**** Given entries

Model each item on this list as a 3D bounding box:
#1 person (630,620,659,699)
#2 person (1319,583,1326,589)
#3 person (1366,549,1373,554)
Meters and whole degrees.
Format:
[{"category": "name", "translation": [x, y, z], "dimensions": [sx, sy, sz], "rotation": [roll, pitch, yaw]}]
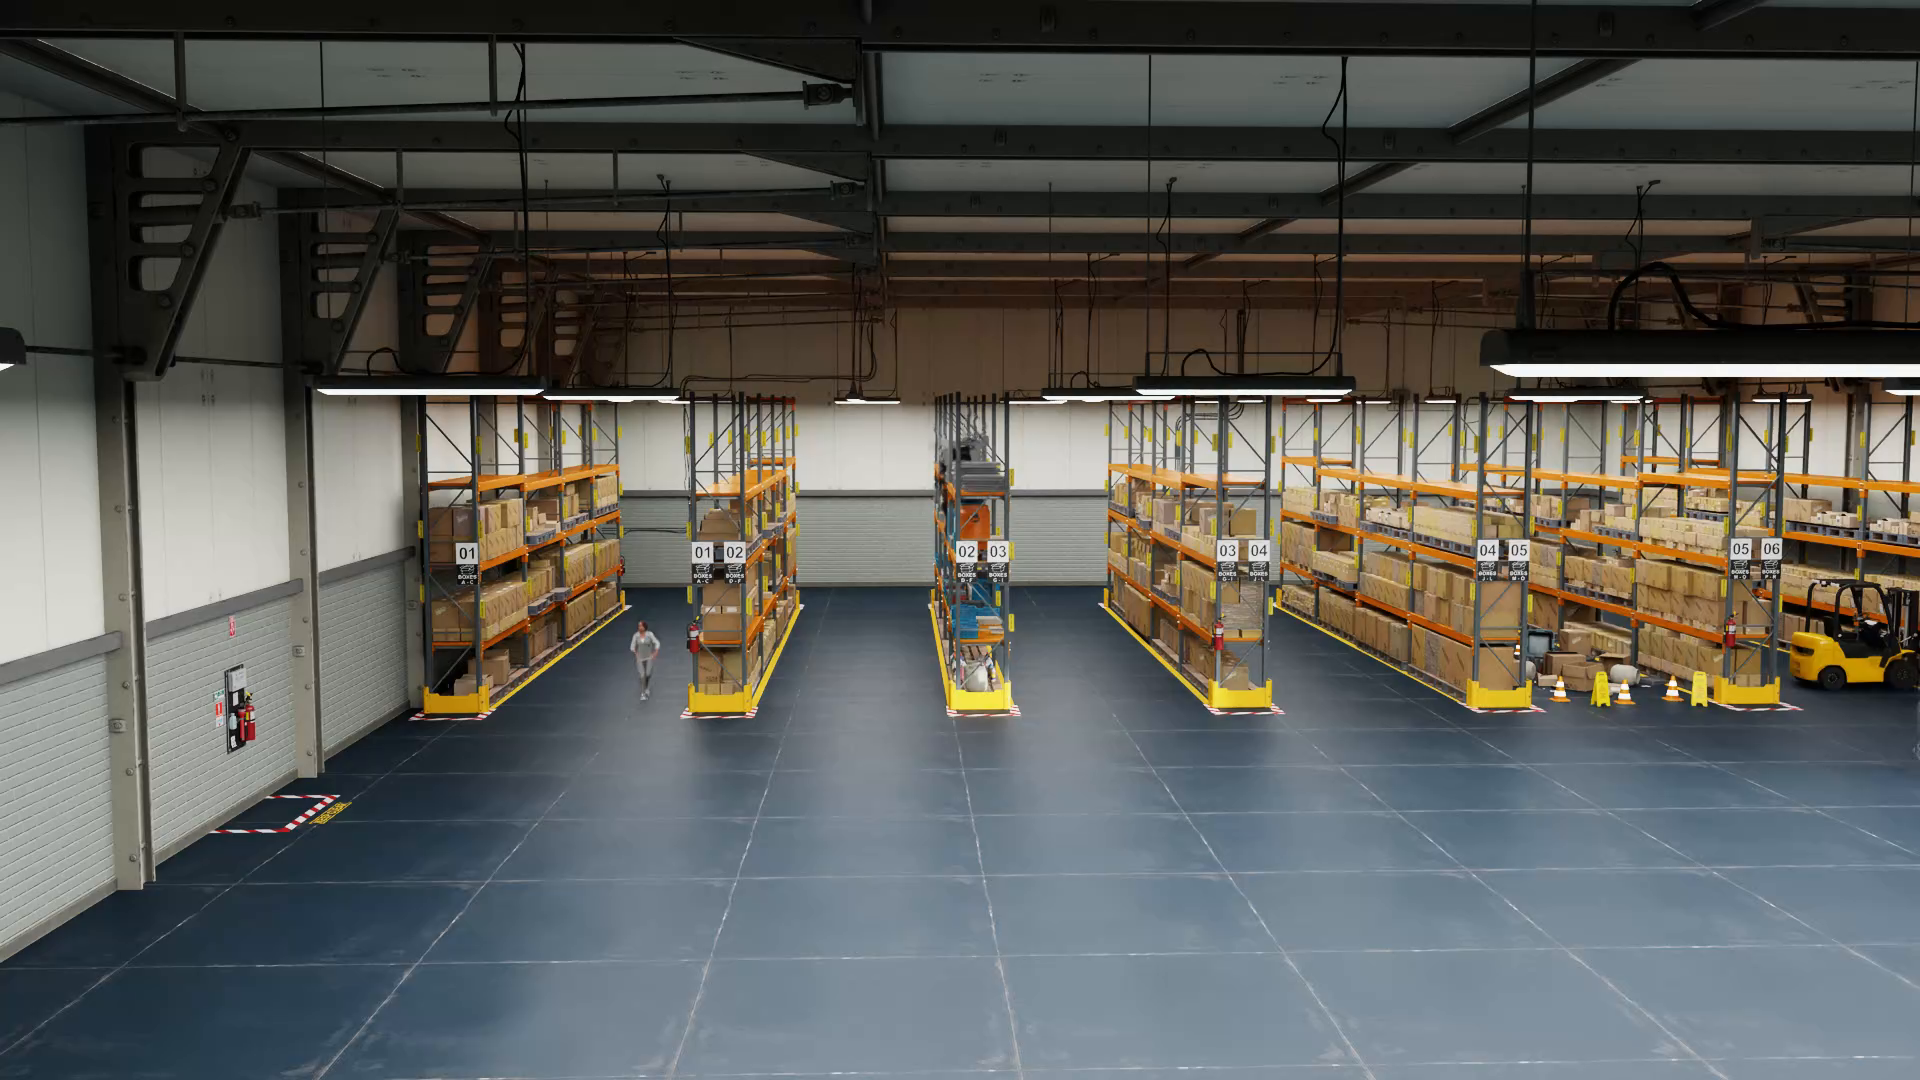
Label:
[{"category": "person", "translation": [-6.153, 2.348, 32.401], "dimensions": [0.552, 1.552, 0.567], "rotation": [0, 5, -4]}, {"category": "person", "translation": [10.639, 1.063, 48.794], "dimensions": [0.496, 1.541, 0.573], "rotation": [4, 6, 43]}, {"category": "person", "translation": [11.297, 1.131, 46.051], "dimensions": [0.687, 1.781, 0.987], "rotation": [0, 5, 3]}]
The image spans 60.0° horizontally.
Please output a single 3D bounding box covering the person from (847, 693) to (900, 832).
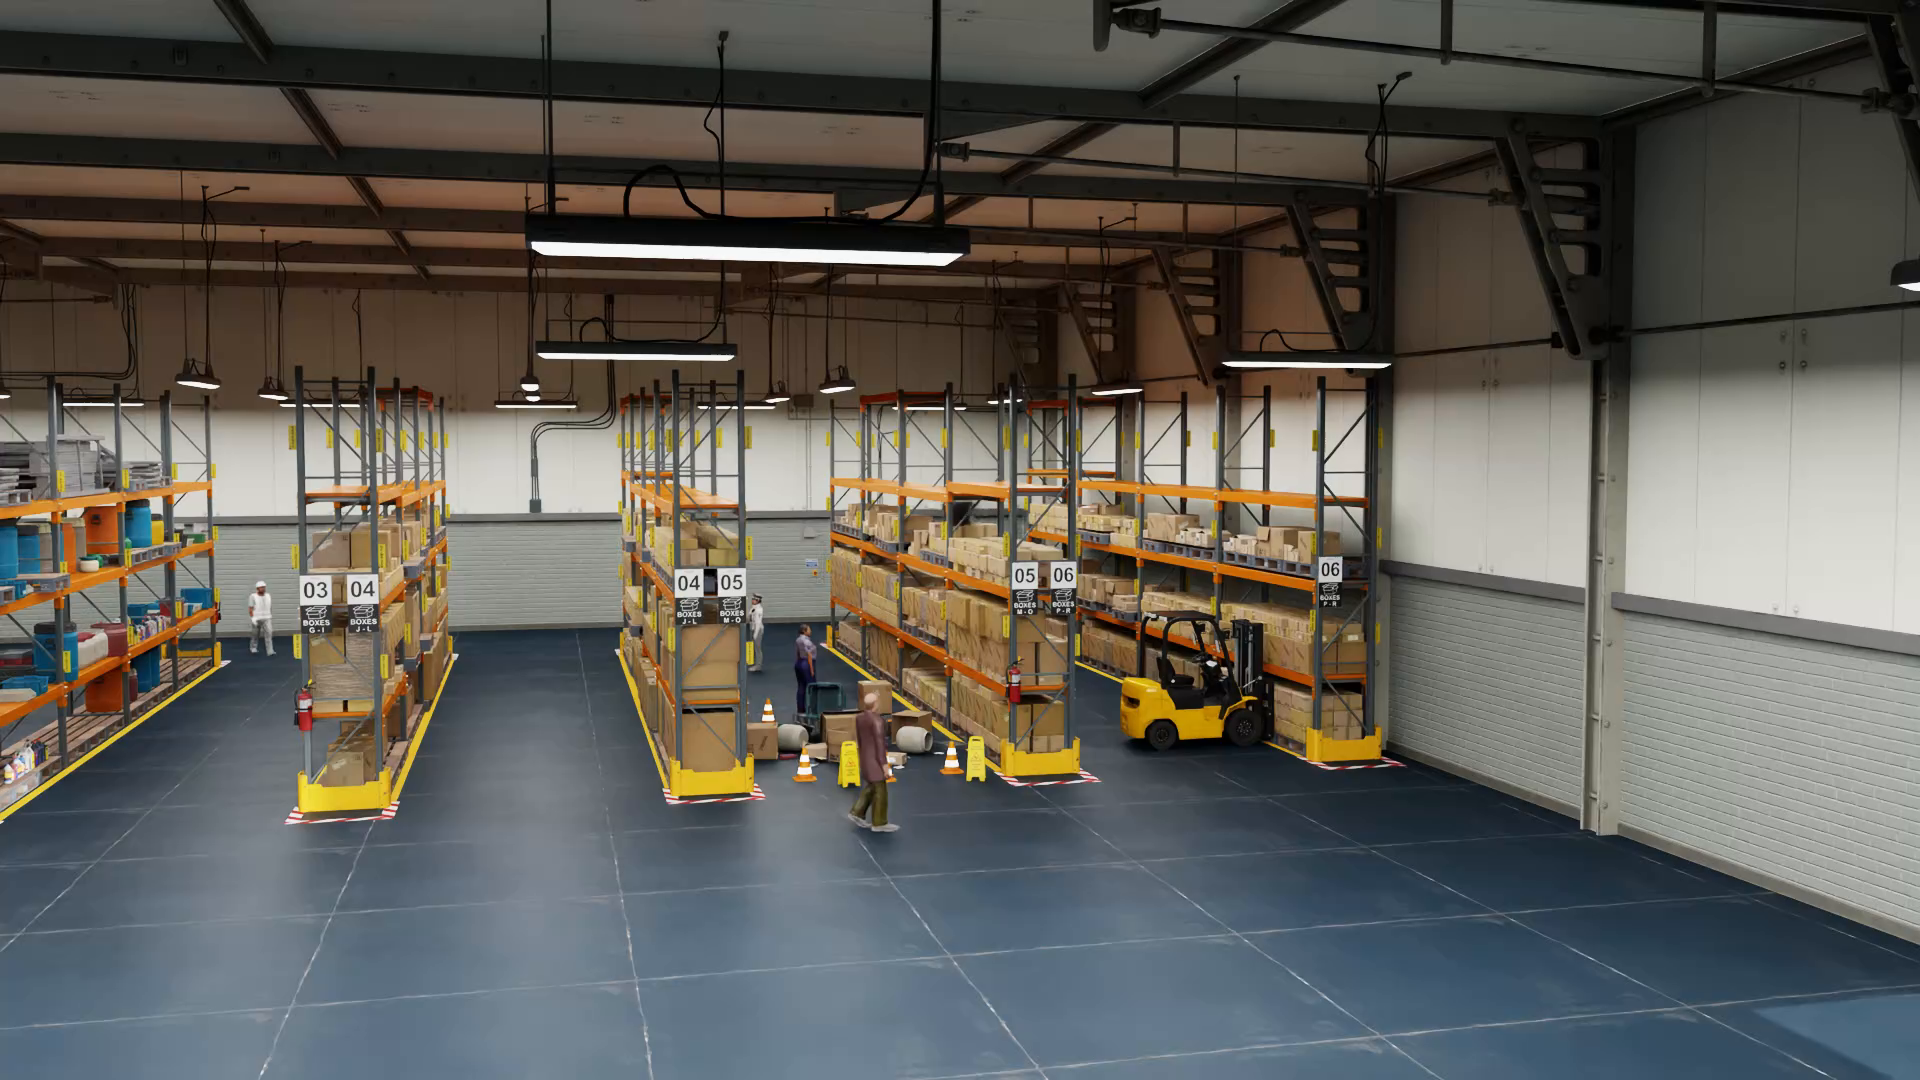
[{"bbox_3d":[-1.105,2.853,21.365,0.596,1.799,0.661,-2,4,-25],"label":"person"}]

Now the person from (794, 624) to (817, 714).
[{"bbox_3d":[-2.809,2.355,30.436,0.377,1.646,0.533,-2,4,-36],"label":"person"}]

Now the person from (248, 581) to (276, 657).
[{"bbox_3d":[-16.168,1.826,38.474,0.548,1.739,1.082,-3,4,-37],"label":"person"}]

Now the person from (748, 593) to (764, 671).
[{"bbox_3d":[-4.464,2.008,36.225,0.365,1.715,0.553,-1,4,-20],"label":"person"}]
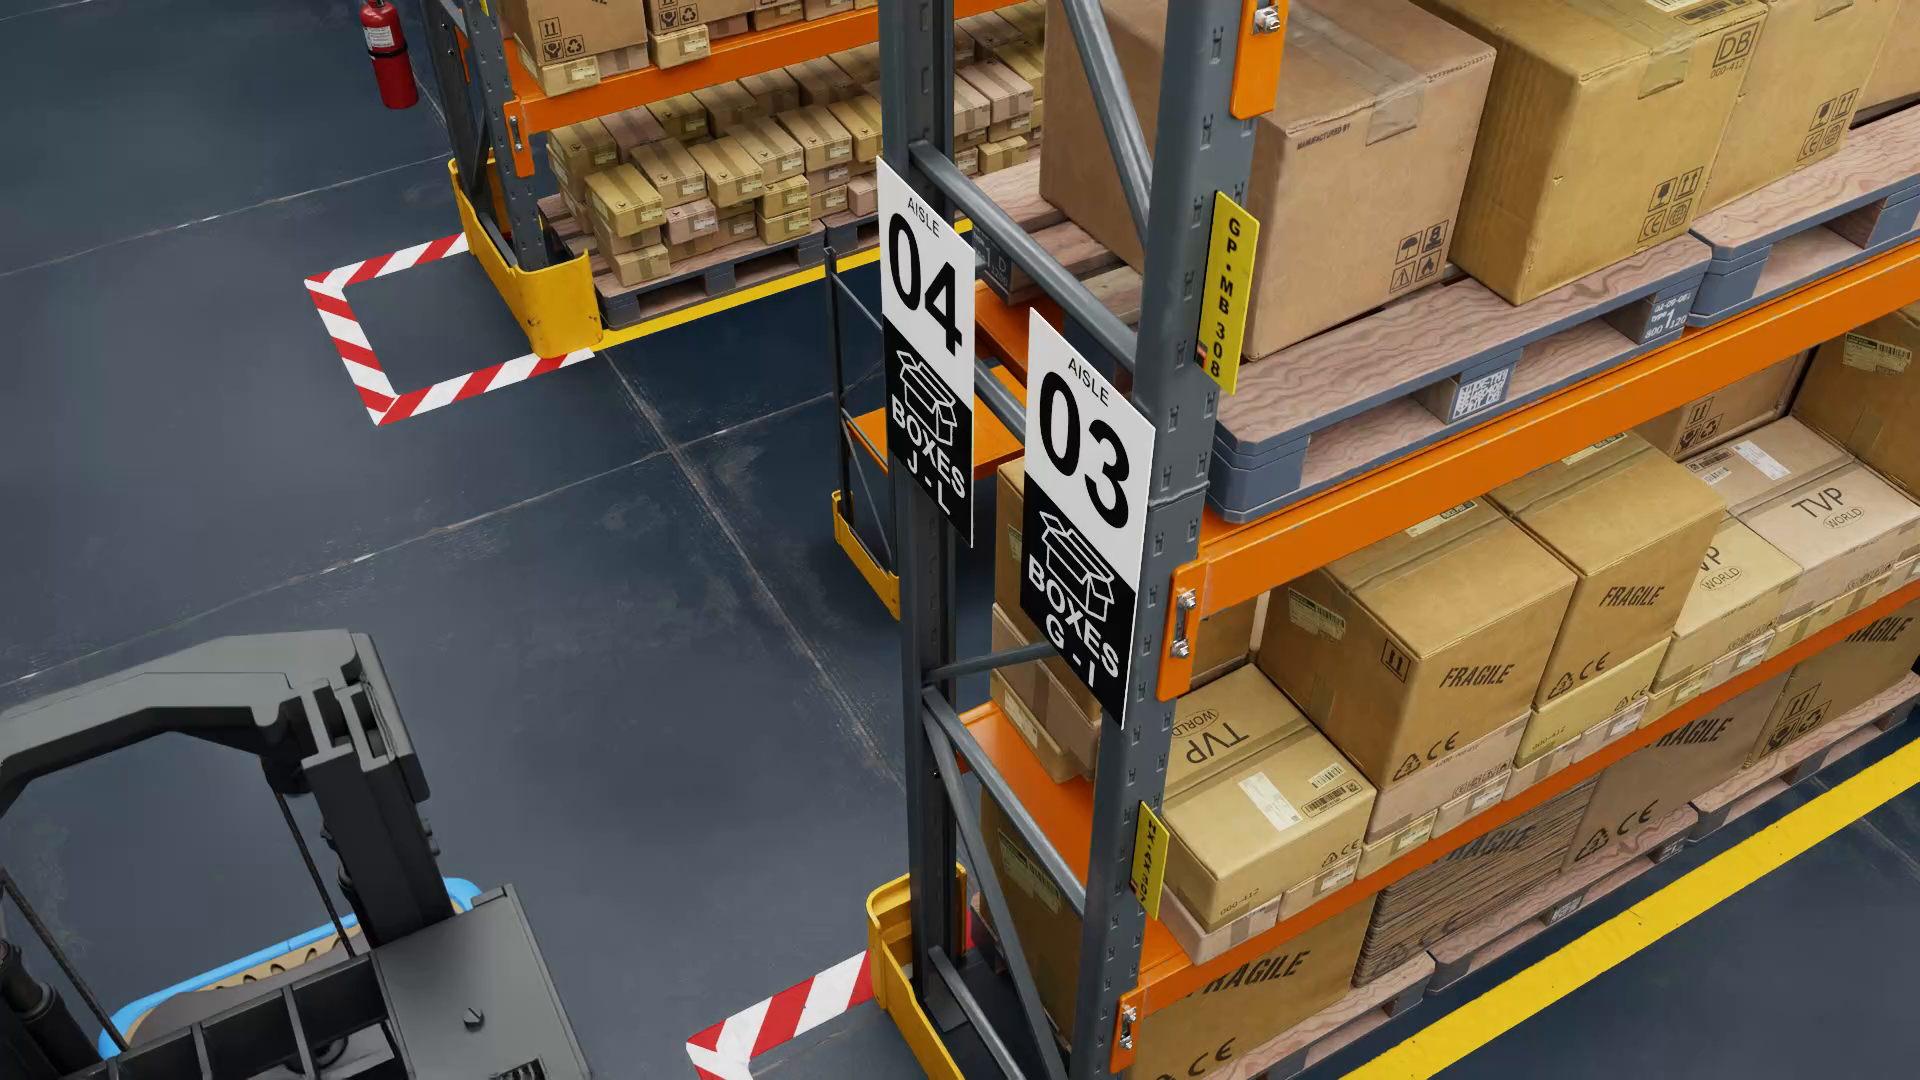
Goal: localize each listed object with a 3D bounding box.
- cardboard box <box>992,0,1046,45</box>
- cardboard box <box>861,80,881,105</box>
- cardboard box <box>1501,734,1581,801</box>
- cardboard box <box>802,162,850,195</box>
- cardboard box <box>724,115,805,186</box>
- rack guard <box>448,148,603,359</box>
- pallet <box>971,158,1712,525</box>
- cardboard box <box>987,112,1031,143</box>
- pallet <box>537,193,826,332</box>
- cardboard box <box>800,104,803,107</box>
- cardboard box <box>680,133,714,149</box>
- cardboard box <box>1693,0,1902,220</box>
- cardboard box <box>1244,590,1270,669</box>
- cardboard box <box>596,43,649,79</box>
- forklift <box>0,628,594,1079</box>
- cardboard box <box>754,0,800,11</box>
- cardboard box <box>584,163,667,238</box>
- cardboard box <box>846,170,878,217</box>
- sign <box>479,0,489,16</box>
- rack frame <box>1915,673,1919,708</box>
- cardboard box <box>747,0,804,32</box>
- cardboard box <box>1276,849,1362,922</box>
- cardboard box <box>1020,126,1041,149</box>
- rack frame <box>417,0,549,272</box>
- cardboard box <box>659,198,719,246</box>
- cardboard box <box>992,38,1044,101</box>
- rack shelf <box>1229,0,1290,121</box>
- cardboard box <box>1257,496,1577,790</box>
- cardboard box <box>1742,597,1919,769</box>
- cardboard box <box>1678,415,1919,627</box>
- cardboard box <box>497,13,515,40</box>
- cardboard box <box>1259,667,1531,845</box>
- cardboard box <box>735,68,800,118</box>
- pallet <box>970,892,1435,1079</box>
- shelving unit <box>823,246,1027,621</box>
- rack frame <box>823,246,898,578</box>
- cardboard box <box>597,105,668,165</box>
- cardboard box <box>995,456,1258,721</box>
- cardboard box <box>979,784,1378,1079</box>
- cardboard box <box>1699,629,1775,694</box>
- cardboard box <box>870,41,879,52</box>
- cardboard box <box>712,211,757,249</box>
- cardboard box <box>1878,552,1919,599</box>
[{"bbox_3d":[0.360,-2.883,9.314,0.250,0.149,0.380,-22,48,-21],"label":"cardboard box"},{"bbox_3d":[-0.318,-2.257,8.669,0.250,0.149,0.380,-22,48,-21],"label":"cardboard box"},{"bbox_3d":[1.503,0.513,4.677,0.250,0.149,0.380,-23,49,-22],"label":"cardboard box"},{"bbox_3d":[-0.768,-1.959,8.576,0.250,0.149,0.380,-24,49,-23],"label":"cardboard box"},{"bbox_3d":[-0.984,-1.958,8.361,0.250,0.149,0.380,-24,49,-23],"label":"cardboard box"},{"bbox_3d":[-2.177,-1.455,8.320,0.348,0.500,1.175,-22,48,-21],"label":"rack guard"},{"bbox_3d":[0.778,-0.604,3.557,1.213,0.211,1.003,-22,48,-21],"label":"pallet"},{"bbox_3d":[0.181,-2.314,8.941,0.250,0.149,0.380,-21,48,-20],"label":"cardboard box"},{"bbox_3d":[-1.455,-1.612,8.689,1.213,0.211,1.003,-22,48,-21],"label":"pallet"},{"bbox_3d":[-0.804,-2.362,8.991,0.250,0.149,0.380,-20,47,-19],"label":"cardboard box"},{"bbox_3d":[-1.478,-2.097,8.718,0.250,0.149,0.380,-24,49,-23],"label":"cardboard box"},{"bbox_3d":[1.537,-1.138,3.599,0.500,0.500,0.700,-25,49,-24],"label":"cardboard box"},{"bbox_3d":[0.869,0.148,4.767,0.500,0.250,0.500,-23,49,-22],"label":"cardboard box"},{"bbox_3d":[-1.599,-2.263,7.538,0.250,0.149,0.380,-20,48,-20],"label":"cardboard box"},{"bbox_3d":[-1.132,1.712,3.311,1.130,2.935,3.031,-20,48,-20],"label":"forklift"},{"bbox_3d":[-0.834,-2.821,7.647,0.500,0.500,0.500,-21,48,-20],"label":"cardboard box"},{"bbox_3d":[-1.619,-1.643,8.037,0.250,0.149,0.380,-24,49,-23],"label":"cardboard box"},{"bbox_3d":[-0.522,-1.875,8.703,0.250,0.149,0.380,-24,49,-23],"label":"cardboard box"},{"bbox_3d":[-1.972,-2.309,6.783,0.005,0.325,0.100,-22,48,-21],"label":"sign"},{"bbox_3d":[3.609,-0.683,5.730,0.127,3.000,1.000,-22,48,-21],"label":"rack frame"},{"bbox_3d":[-0.935,-2.576,7.860,0.250,0.149,0.380,-22,48,-21],"label":"cardboard box"},{"bbox_3d":[0.834,0.781,4.401,0.250,0.149,0.380,-22,48,-22],"label":"cardboard box"},{"bbox_3d":[0.302,-2.311,9.152,0.250,0.149,0.380,-23,49,-22],"label":"cardboard box"},{"bbox_3d":[-2.243,-2.326,7.422,0.127,3.000,1.000,-22,48,-21],"label":"rack frame"},{"bbox_3d":[-1.395,-1.648,8.255,0.250,0.149,0.380,-22,48,-21],"label":"cardboard box"},{"bbox_3d":[0.369,-2.528,8.948,0.250,0.149,0.380,-20,48,-20],"label":"cardboard box"},{"bbox_3d":[1.875,-1.740,3.315,4.000,0.370,1.077,-22,48,-21],"label":"rack shelf"},{"bbox_3d":[1.125,0.206,4.169,0.500,0.500,0.500,-23,49,-22],"label":"cardboard box"},{"bbox_3d":[2.997,0.109,6.137,0.875,0.875,0.875,-22,48,-21],"label":"cardboard box"},{"bbox_3d":[2.467,-0.066,4.988,0.500,0.250,0.500,-21,48,-20],"label":"cardboard box"},{"bbox_3d":[-2.101,-2.519,7.802,0.250,0.149,0.380,-22,48,-21],"label":"cardboard box"},{"bbox_3d":[1.139,0.464,4.442,0.500,0.250,0.500,-22,48,-21],"label":"cardboard box"},{"bbox_3d":[-1.041,-2.401,8.818,0.250,0.149,0.380,-20,48,-20],"label":"cardboard box"},{"bbox_3d":[0.795,1.381,5.605,1.213,0.211,1.003,-22,48,-21],"label":"pallet"},{"bbox_3d":[0.066,-0.565,6.684,1.083,1.500,0.587,-22,48,-21],"label":"shelving unit"},{"bbox_3d":[-0.367,-0.391,6.506,0.032,1.500,0.500,-22,48,-21],"label":"rack frame"},{"bbox_3d":[-1.664,-2.056,8.462,0.250,0.149,0.380,-21,48,-20],"label":"cardboard box"},{"bbox_3d":[0.432,0.055,4.325,0.500,0.500,0.500,-21,48,-20],"label":"cardboard box"},{"bbox_3d":[0.656,1.046,5.172,0.875,0.875,0.875,-22,48,-21],"label":"cardboard box"},{"bbox_3d":[2.172,0.244,4.954,0.250,0.149,0.380,-21,48,-20],"label":"cardboard box"},{"bbox_3d":[-0.311,-2.595,9.018,0.250,0.149,0.380,-24,49,-23],"label":"cardboard box"},{"bbox_3d":[-1.231,-1.672,8.494,0.250,0.149,0.380,-21,48,-21],"label":"cardboard box"},{"bbox_3d":[2.839,-0.022,5.228,0.250,0.149,0.380,-21,48,-20],"label":"cardboard box"}]

********

_Exercise aim_
Determine how many lines in the entries hold the string "each". Write only the number.

_Answer box_
2